Records excerpted from a collection
----------

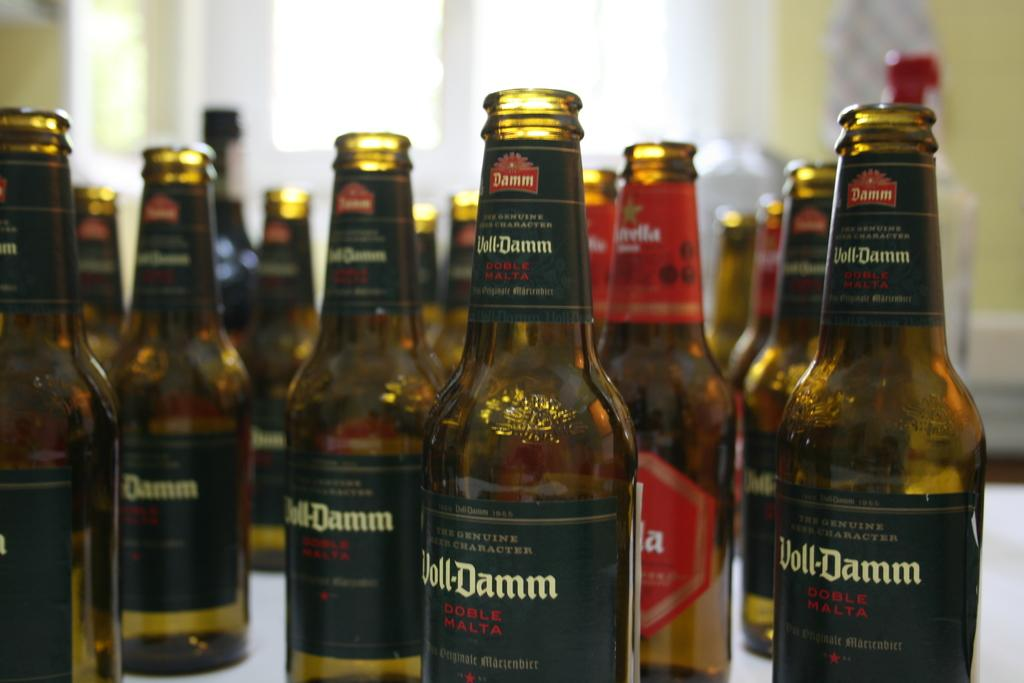<image>
Write a terse but informative summary of the picture. Many bottles of Doll-Damm next to one another. 
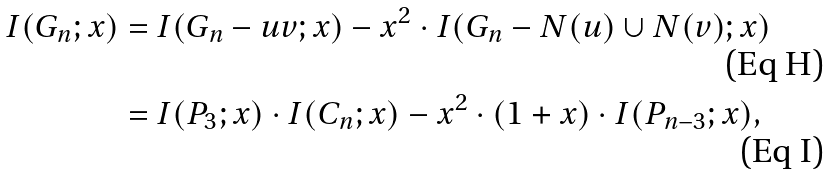Convert formula to latex. <formula><loc_0><loc_0><loc_500><loc_500>I ( G _ { n } ; x ) & = I ( G _ { n } - u v ; x ) - x ^ { 2 } \cdot I ( G _ { n } - N ( u ) \cup N ( v ) ; x ) \\ & = I ( P _ { 3 } ; x ) \cdot I ( C _ { n } ; x ) - x ^ { 2 } \cdot ( 1 + x ) \cdot I ( P _ { n - 3 } ; x ) ,</formula> 
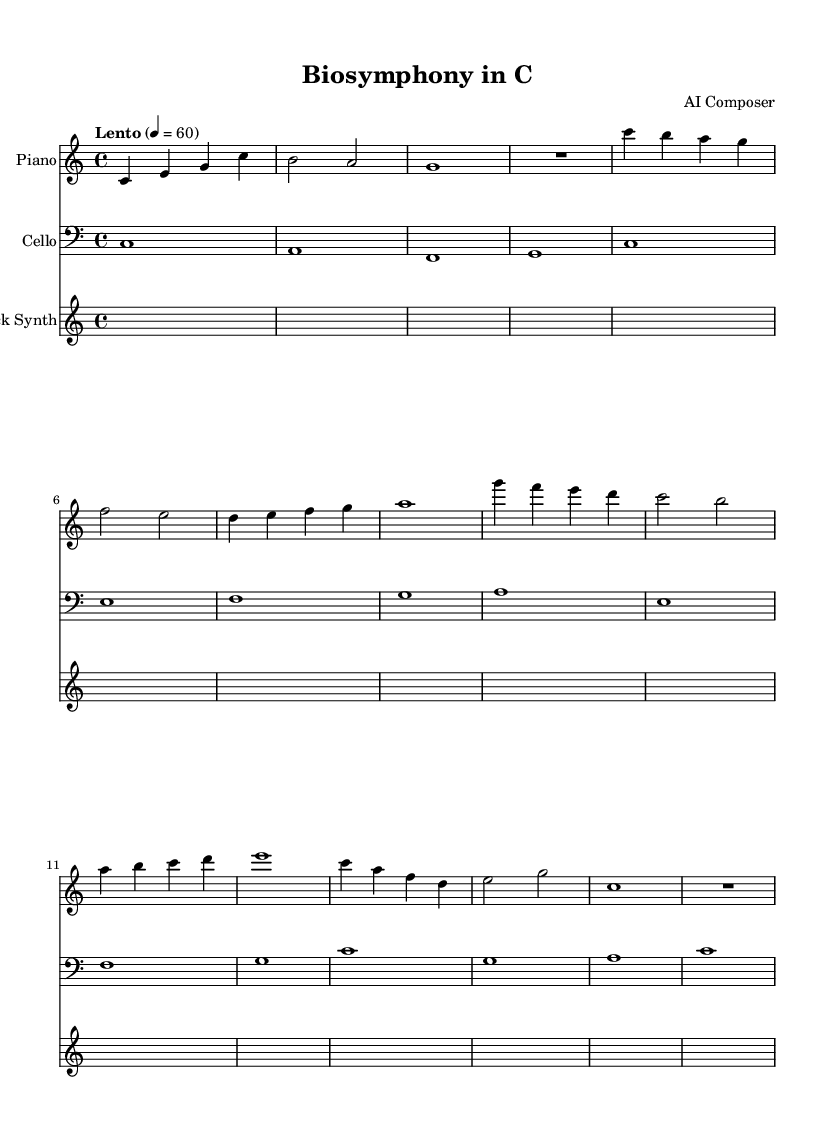what is the key signature of this music? The key signature is C major, which has no sharps or flats.
Answer: C major what is the time signature of this music? The time signature is indicated at the beginning of the score, showing four beats per measure.
Answer: 4/4 what is the tempo marking of this piece? The tempo marking at the beginning states "Lento," with a specific tempo of 60 beats per minute.
Answer: Lento 60 how many measures are in the piano part? By counting the measures in the piano part, we find that there are seven complete measures.
Answer: 7 which instruments are used in this piece? The instruments shown in the score are a piano, a cello, and a biofeedback synth.
Answer: Piano, Cello, Biofeedback Synth how does the biofeedback synth section start? The biofeedback synth section begins with a rest for one whole note duration, indicating silence before any sound is produced.
Answer: R1 in which section does the cello play its lowest note? The lowest note for the cello appears in the first measure as a C in the bass clef, which is the lowest note of the cello's range in this section.
Answer: C

----------

Every line that holds the string "beats" must be copied from the records above.

• Exercise result
Answer: C major what is the time signature of this music? The time signature is indicated at the beginning of the score, showing four beats per measure.
Answer: 4/4 what is the tempo marking of this piece? The tempo marking at the beginning states "Lento," with a specific tempo of 60 beats per minute.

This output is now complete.